Advances in technology have been crushing the cost of renewables. Strike prices for offshore wind farms have tumbled from £115 per megawatt hour to less than £60 over the past four years. Gas tends to fluctuate, but the outlook here too is rosy. New supplies are opening up, from US shale to liquefied natural gas from Australia. Then there’s the decline in electricity usage — consumption sliding by 8 per cent since 2010. Shouldn’t the overall trend in UK electricity costs be down?
Well, no actually. Or not, at least, if the latest cap set by the energy regulator Ofgem is anything to go by. Far from declining, the limit on the “dual fuel” bill per household (that’s gas and electricity) has just been raised by 10 per cent to £1,254 a year.

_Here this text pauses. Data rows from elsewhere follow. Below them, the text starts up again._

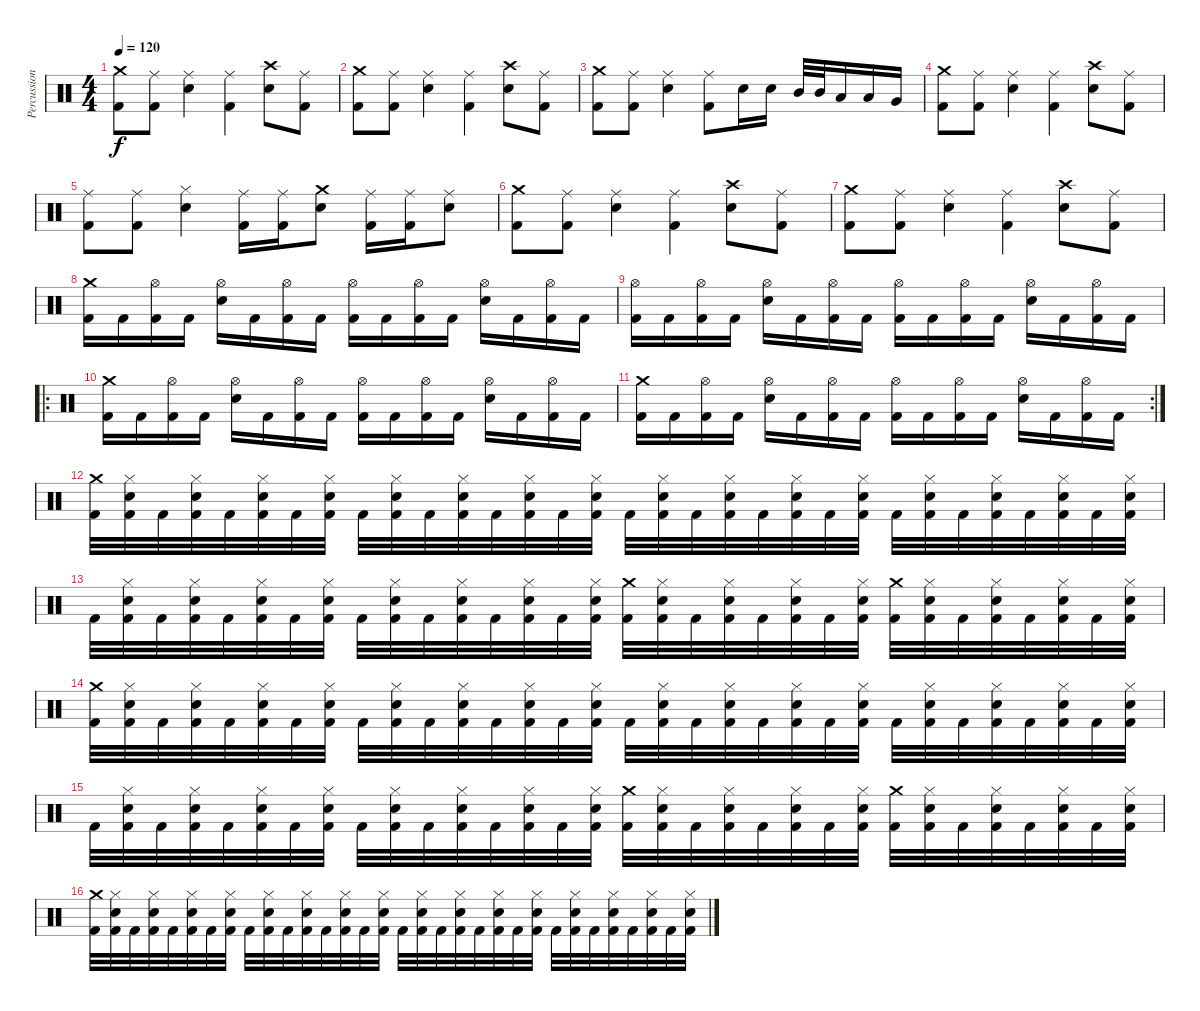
\track ("Percussion" "Percussion") {instrument percussion}
\staff {score}
\articulation defaults
\ts (4 4)
\tempo 120
\clef neutral
\ks c
("Crash medium (hit)" "Kick (hit) 2").8{dy f} ("Ride (middle)" "Kick (hit) 2").8 ("Ride (middle)" "Snare (hit) 2").4 ("Ride (middle)" "Kick (hit) 2").4 ("Crash high (hit)" "Snare (hit) 2").8 ("Ride (middle)" "Kick (hit) 2").8 |
("Crash medium (hit)" "Kick (hit) 2").8 ("Ride (middle)" "Kick (hit) 2").8 ("Ride (middle)" "Snare (hit) 2").4 ("Ride (middle)" "Kick (hit) 2").4 ("Crash high (hit)" "Snare (hit) 2").8 ("Ride (middle)" "Kick (hit) 2").8 |
("Crash medium (hit)" "Kick (hit) 2").8 ("Ride (middle)" "Kick (hit) 2").8 ("Ride (middle)" "Snare (hit) 2").4 ("Ride (middle)" "Kick (hit) 2").8 "Snare (hit) 2".16 "Snare (hit) 2".16 "Mid Tom (hit)".32 "Mid Tom (hit)".32 "Low Tom (hit)".16 "Low Tom (hit)".16 "Very Low Tom (hit)".16 |
("Crash medium (hit)" "Kick (hit) 2").8 ("Ride (middle)" "Kick (hit) 2").8 ("Ride (middle)" "Snare (hit) 2").4 ("Ride (middle)" "Kick (hit) 2").4 ("Crash high (hit)" "Snare (hit) 2").8 ("Ride (middle)" "Kick (hit) 2").8 |
("Ride (middle)" "Kick (hit) 2").8 ("Ride (middle)" "Kick (hit) 2").8 ("Hi-Hat (closed)" "Snare (hit) 2").4 ("Ride (middle)" "Kick (hit) 2").16 ("Ride (middle)" "Kick (hit) 2").16 ("Crash medium (hit)" "Snare (hit) 2").8 ("Ride (middle)" "Kick (hit) 2").16 ("Ride (middle)" "Kick (hit) 2").16 ("Ride (middle)" "Snare (hit) 2").8 |
("Crash medium (hit)" "Kick (hit) 2").8 ("Ride (middle)" "Kick (hit) 2").8 ("Ride (middle)" "Snare (hit) 2").4 ("Ride (middle)" "Kick (hit) 2").4 ("Crash high (hit)" "Snare (hit) 2").8 ("Ride (middle)" "Kick (hit) 2").8 |
("Crash medium (hit)" "Kick (hit) 2").8 ("Ride (middle)" "Kick (hit) 2").8 ("Ride (middle)" "Snare (hit) 2").4 ("Ride (middle)" "Kick (hit) 2").4 ("Crash high (hit)" "Snare (hit) 2").8 ("Ride (middle)" "Kick (hit) 2").8 |
("Crash medium (hit)" "Kick (hit) 2").16 "Kick (hit) 2".16 ("Hi-Hat (open)" "Kick (hit) 2").16 "Kick (hit) 2".16 ("Hi-Hat (open)" "Snare (hit) 2").16 "Kick (hit) 2".16 ("Hi-Hat (open)" "Kick (hit) 2").16 "Kick (hit) 2".16 ("Hi-Hat (open)" "Kick (hit) 2").16 "Kick (hit) 2".16 ("Hi-Hat (open)" "Kick (hit) 2").16 "Kick (hit) 2".16 ("Hi-Hat (open)" "Snare (hit) 2").16 "Kick (hit) 2".16 ("Hi-Hat (open)" "Kick (hit) 2").16 "Kick (hit) 2".16 |
("Hi-Hat (open)" "Kick (hit) 2").16 "Kick (hit) 2".16 ("Hi-Hat (open)" "Kick (hit) 2").16 "Kick (hit) 2".16 ("Hi-Hat (open)" "Snare (hit) 2").16 "Kick (hit) 2".16 ("Hi-Hat (open)" "Kick (hit) 2").16 "Kick (hit) 2".16 ("Hi-Hat (open)" "Kick (hit) 2").16 "Kick (hit) 2".16 ("Hi-Hat (open)" "Kick (hit) 2").16 "Kick (hit) 2".16 ("Hi-Hat (open)" "Snare (hit) 2").16 "Kick (hit) 2".16 ("Hi-Hat (open)" "Kick (hit) 2").16 "Kick (hit) 2".16 |
\ro
("Crash medium (hit)" "Kick (hit) 2").16 "Kick (hit) 2".16 ("Hi-Hat (open)" "Kick (hit) 2").16 "Kick (hit) 2".16 ("Hi-Hat (open)" "Snare (hit) 2").16 "Kick (hit) 2".16 ("Hi-Hat (open)" "Kick (hit) 2").16 "Kick (hit) 2".16 ("Hi-Hat (open)" "Kick (hit) 2").16 "Kick (hit) 2".16 ("Hi-Hat (open)" "Kick (hit) 2").16 "Kick (hit) 2".16 ("Hi-Hat (open)" "Snare (hit) 2").16 "Kick (hit) 2".16 ("Hi-Hat (open)" "Kick (hit) 2").16 "Kick (hit) 2".16 |
\rc 2
("Crash medium (hit)" "Kick (hit) 2").16 "Kick (hit) 2".16 ("Hi-Hat (open)" "Kick (hit) 2").16 "Kick (hit) 2".16 ("Hi-Hat (open)" "Snare (hit) 2").16 "Kick (hit) 2".16 ("Hi-Hat (open)" "Kick (hit) 2").16 "Kick (hit) 2".16 ("Hi-Hat (open)" "Kick (hit) 2").16 "Kick (hit) 2".16 ("Hi-Hat (open)" "Kick (hit) 2").16 "Kick (hit) 2".16 ("Hi-Hat (open)" "Snare (hit) 2").16 "Kick (hit) 2".16 ("Hi-Hat (open)" "Kick (hit) 2").16 "Kick (hit) 2".16 |
("Crash medium (hit)" "Kick (hit) 2").32 ("Hi-Hat (closed)" "Snare (hit) 2" "Kick (hit) 2").32 "Kick (hit) 2".32 ("Hi-Hat (closed)" "Snare (hit) 2" "Kick (hit) 2").32 "Kick (hit) 2".32 ("Hi-Hat (closed)" "Snare (hit) 2" "Kick (hit) 2").32 "Kick (hit) 2".32 ("Hi-Hat (closed)" "Snare (hit) 2" "Kick (hit) 2").32 "Kick (hit) 2".32 ("Hi-Hat (closed)" "Snare (hit) 2" "Kick (hit) 2").32 "Kick (hit) 2".32 ("Hi-Hat (closed)" "Snare (hit) 2" "Kick (hit) 2").32 "Kick (hit) 2".32 ("Hi-Hat (closed)" "Snare (hit) 2" "Kick (hit) 2").32 "Kick (hit) 2".32 ("Hi-Hat (closed)" "Snare (hit) 2" "Kick (hit) 2").32 "Kick (hit) 2".32 ("Hi-Hat (closed)" "Snare (hit) 2" "Kick (hit) 2").32 "Kick (hit) 2".32 ("Hi-Hat (closed)" "Snare (hit) 2" "Kick (hit) 2").32 "Kick (hit) 2".32 ("Hi-Hat (closed)" "Snare (hit) 2" "Kick (hit) 2").32 "Kick (hit) 2".32 ("Hi-Hat (closed)" "Snare (hit) 2" "Kick (hit) 2").32 "Kick (hit) 2".32 ("Hi-Hat (closed)" "Snare (hit) 2" "Kick (hit) 2").32 "Kick (hit) 2".32 ("Hi-Hat (closed)" "Snare (hit) 2" "Kick (hit) 2").32 "Kick (hit) 2".32 ("Hi-Hat (closed)" "Snare (hit) 2" "Kick (hit) 2").32 "Kick (hit) 2".32 ("Hi-Hat (closed)" "Snare (hit) 2" "Kick (hit) 2").32 |
"Kick (hit) 2".32 ("Hi-Hat (closed)" "Snare (hit) 2" "Kick (hit) 2").32 "Kick (hit) 2".32 ("Hi-Hat (closed)" "Snare (hit) 2" "Kick (hit) 2").32 "Kick (hit) 2".32 ("Hi-Hat (closed)" "Snare (hit) 2" "Kick (hit) 2").32 "Kick (hit) 2".32 ("Hi-Hat (closed)" "Snare (hit) 2" "Kick (hit) 2").32 "Kick (hit) 2".32 ("Hi-Hat (closed)" "Snare (hit) 2" "Kick (hit) 2").32 "Kick (hit) 2".32 ("Hi-Hat (closed)" "Snare (hit) 2" "Kick (hit) 2").32 "Kick (hit) 2".32 ("Hi-Hat (closed)" "Snare (hit) 2" "Kick (hit) 2").32 "Kick (hit) 2".32 ("Hi-Hat (closed)" "Snare (hit) 2" "Kick (hit) 2").32 ("Crash medium (hit)" "Kick (hit) 2").32 ("Hi-Hat (closed)" "Snare (hit) 2" "Kick (hit) 2").32 "Kick (hit) 2".32 ("Hi-Hat (closed)" "Snare (hit) 2" "Kick (hit) 2").32 "Kick (hit) 2".32 ("Hi-Hat (closed)" "Snare (hit) 2" "Kick (hit) 2").32 "Kick (hit) 2".32 ("Hi-Hat (closed)" "Snare (hit) 2" "Kick (hit) 2").32 ("Crash medium (hit)" "Kick (hit) 2").32 ("Hi-Hat (closed)" "Snare (hit) 2" "Kick (hit) 2").32 "Kick (hit) 2".32 ("Hi-Hat (closed)" "Snare (hit) 2" "Kick (hit) 2").32 "Kick (hit) 2".32 ("Hi-Hat (closed)" "Snare (hit) 2" "Kick (hit) 2").32 "Kick (hit) 2".32 ("Hi-Hat (closed)" "Snare (hit) 2" "Kick (hit) 2").32 |
("Crash medium (hit)" "Kick (hit) 2").32 ("Hi-Hat (closed)" "Snare (hit) 2" "Kick (hit) 2").32 "Kick (hit) 2".32 ("Hi-Hat (closed)" "Snare (hit) 2" "Kick (hit) 2").32 "Kick (hit) 2".32 ("Hi-Hat (closed)" "Snare (hit) 2" "Kick (hit) 2").32 "Kick (hit) 2".32 ("Hi-Hat (closed)" "Snare (hit) 2" "Kick (hit) 2").32 "Kick (hit) 2".32 ("Hi-Hat (closed)" "Snare (hit) 2" "Kick (hit) 2").32 "Kick (hit) 2".32 ("Hi-Hat (closed)" "Snare (hit) 2" "Kick (hit) 2").32 "Kick (hit) 2".32 ("Hi-Hat (closed)" "Snare (hit) 2" "Kick (hit) 2").32 "Kick (hit) 2".32 ("Hi-Hat (closed)" "Snare (hit) 2" "Kick (hit) 2").32 "Kick (hit) 2".32 ("Hi-Hat (closed)" "Snare (hit) 2" "Kick (hit) 2").32 "Kick (hit) 2".32 ("Hi-Hat (closed)" "Snare (hit) 2" "Kick (hit) 2").32 "Kick (hit) 2".32 ("Hi-Hat (closed)" "Snare (hit) 2" "Kick (hit) 2").32 "Kick (hit) 2".32 ("Hi-Hat (closed)" "Snare (hit) 2" "Kick (hit) 2").32 "Kick (hit) 2".32 ("Hi-Hat (closed)" "Snare (hit) 2" "Kick (hit) 2").32 "Kick (hit) 2".32 ("Hi-Hat (closed)" "Snare (hit) 2" "Kick (hit) 2").32 "Kick (hit) 2".32 ("Hi-Hat (closed)" "Snare (hit) 2" "Kick (hit) 2").32 "Kick (hit) 2".32 ("Hi-Hat (closed)" "Snare (hit) 2" "Kick (hit) 2").32 |
"Kick (hit) 2".32 ("Hi-Hat (closed)" "Snare (hit) 2" "Kick (hit) 2").32 "Kick (hit) 2".32 ("Hi-Hat (closed)" "Snare (hit) 2" "Kick (hit) 2").32 "Kick (hit) 2".32 ("Hi-Hat (closed)" "Snare (hit) 2" "Kick (hit) 2").32 "Kick (hit) 2".32 ("Hi-Hat (closed)" "Snare (hit) 2" "Kick (hit) 2").32 "Kick (hit) 2".32 ("Hi-Hat (closed)" "Snare (hit) 2" "Kick (hit) 2").32 "Kick (hit) 2".32 ("Hi-Hat (closed)" "Snare (hit) 2" "Kick (hit) 2").32 "Kick (hit) 2".32 ("Hi-Hat (closed)" "Snare (hit) 2" "Kick (hit) 2").32 "Kick (hit) 2".32 ("Hi-Hat (closed)" "Snare (hit) 2" "Kick (hit) 2").32 ("Crash medium (hit)" "Kick (hit) 2").32 ("Hi-Hat (closed)" "Snare (hit) 2" "Kick (hit) 2").32 "Kick (hit) 2".32 ("Hi-Hat (closed)" "Snare (hit) 2" "Kick (hit) 2").32 "Kick (hit) 2".32 ("Hi-Hat (closed)" "Snare (hit) 2" "Kick (hit) 2").32 "Kick (hit) 2".32 ("Hi-Hat (closed)" "Snare (hit) 2" "Kick (hit) 2").32 ("Crash medium (hit)" "Kick (hit) 2").32 ("Hi-Hat (closed)" "Snare (hit) 2" "Kick (hit) 2").32 "Kick (hit) 2".32 ("Hi-Hat (closed)" "Snare (hit) 2" "Kick (hit) 2").32 "Kick (hit) 2".32 ("Hi-Hat (closed)" "Snare (hit) 2" "Kick (hit) 2").32 "Kick (hit) 2".32 ("Hi-Hat (closed)" "Snare (hit) 2" "Kick (hit) 2").32 |
("Crash medium (hit)" "Kick (hit) 2").32 ("Hi-Hat (closed)" "Snare (hit) 2" "Kick (hit) 2").32 "Kick (hit) 2".32 ("Hi-Hat (closed)" "Snare (hit) 2" "Kick (hit) 2").32 "Kick (hit) 2".32 ("Hi-Hat (closed)" "Snare (hit) 2" "Kick (hit) 2").32 "Kick (hit) 2".32 ("Hi-Hat (closed)" "Snare (hit) 2" "Kick (hit) 2").32 "Kick (hit) 2".32 ("Hi-Hat (closed)" "Snare (hit) 2" "Kick (hit) 2").32 "Kick (hit) 2".32 ("Hi-Hat (closed)" "Snare (hit) 2" "Kick (hit) 2").32 "Kick (hit) 2".32 ("Hi-Hat (closed)" "Snare (hit) 2" "Kick (hit) 2").32 "Kick (hit) 2".32 ("Hi-Hat (closed)" "Snare (hit) 2" "Kick (hit) 2").32 "Kick (hit) 2".32 ("Hi-Hat (closed)" "Snare (hit) 2" "Kick (hit) 2").32 "Kick (hit) 2".32 ("Hi-Hat (closed)" "Snare (hit) 2" "Kick (hit) 2").32 "Kick (hit) 2".32 ("Hi-Hat (closed)" "Snare (hit) 2" "Kick (hit) 2").32 "Kick (hit) 2".32 ("Hi-Hat (closed)" "Snare (hit) 2" "Kick (hit) 2").32 "Kick (hit) 2".32 ("Hi-Hat (closed)" "Snare (hit) 2" "Kick (hit) 2").32 "Kick (hit) 2".32 ("Hi-Hat (closed)" "Snare (hit) 2" "Kick (hit) 2").32 "Kick (hit) 2".32 ("Hi-Hat (closed)" "Snare (hit) 2" "Kick (hit) 2").32 "Kick (hit) 2".32 ("Hi-Hat (closed)" "Snare (hit) 2" "Kick (hit) 2").32

It is the latest in a line of semi-annual increases in a political mechanism that is designed — rather shamingly — to stop power utilities from gouging their most vulnerable customers. Somewhat belying its name, this “cap” has steadily risen, climbing by nearly a quarter from its lows in late 2016.
Why is this happening? Well, let’s start by deconstructing that cap a bit. About £521 relates to wholesale fuel costs, mainly gas. These move up and down and have recently been rising. Fair enough, you might say. The next big chunk is network charges, which is in effect the cost of operating all the wires that carry power from generator to consumer. Then we come to so-called “policy” costs, which account for £151 — or 12.5 per cent — of that £1,254 dual-fuel bill, or near 20 per cent if you strip out gas and just look at electricity. These are the consequence of the environmental policies the government has introduced to support decarbonisation, and are tacked stealthily on to customer bills.
They are much stickier. Many relate to contracts struck with low carbon energy generators stretching far into the future, which guarantee fixed sums indexed to inflation, or pay an increment over the prevailing wholesale price. What’s more they are still growing as a proportion of customer bills. In 2015, the environmental bill was just £91 per household, according to Ofgem data.
As a recent paper from the energy economist Dieter Helm points out, that upward march will continue as more low carbon capacity comes on at relatively high fixed prices in substitution for gas and coal baseload generation. True, the latest offshore wind contracts are actually slightly below current wholesale rates. But they aren’t due to come on stream until the mid 2020s. Meanwhile, earlier pricier cohorts of legacy deals still need to be paid.
There’s also the fact that the whole market has mutated. The government is increasingly the central buyer through state-backed contracts, a process that steadily ousts market-based competition. All this means prices are likely to ossify, or even go up.
High prices might be fine for those with cash and a big ecological conscience; the Tesla tendency, so to speak. But it’s not so great for those getting by on rather less. Note that the £1,254 cap represents about 10 per cent of the £12,000 of disposable income taken home by the poorest fifth of households in Britain. Add on another £400 a year for water and pretty quickly you have eaten nearly a sixth of your cash just to purchase the barest essentials of life.
These legacy costs may have been incurred in the necessary task of starting the switch away from fossil fuels. But few would argue that the experiment has been wildly cost-effective. The government has backed technological horses — with predictable results. Lobbyists have run riot.
The “gilets jaunes” movement in France shows that voters do not have unending reserves of patience for carbon taxation, especially when served up in this highly regressive form.
So what is the solution? It is not as if these legacy costs can simply be wished away. One way would be to socialise them. Mr Helm suggests putting them in a “legacy bank”, which would be financed out of general taxation. Such a move, he argues, would not only avoid distorting the market, it would allow “prices to fall and hence customers to benefit from the falling price of renewables and probably gas too”. The less well off would be less exposed to self-rationing. Meanwhile, the bill from the past would fall more proportionately on those with broader shoulders.
Wiping the slate would not itself solve the challenge of ensuring future decarbonisation took place at lowest cost. But it would at least mitigate the burden of past splurging.
That seems wiser than betting on the public’s concern about climate change, and hoping that it is matched by a willingness to pay whatever it takes.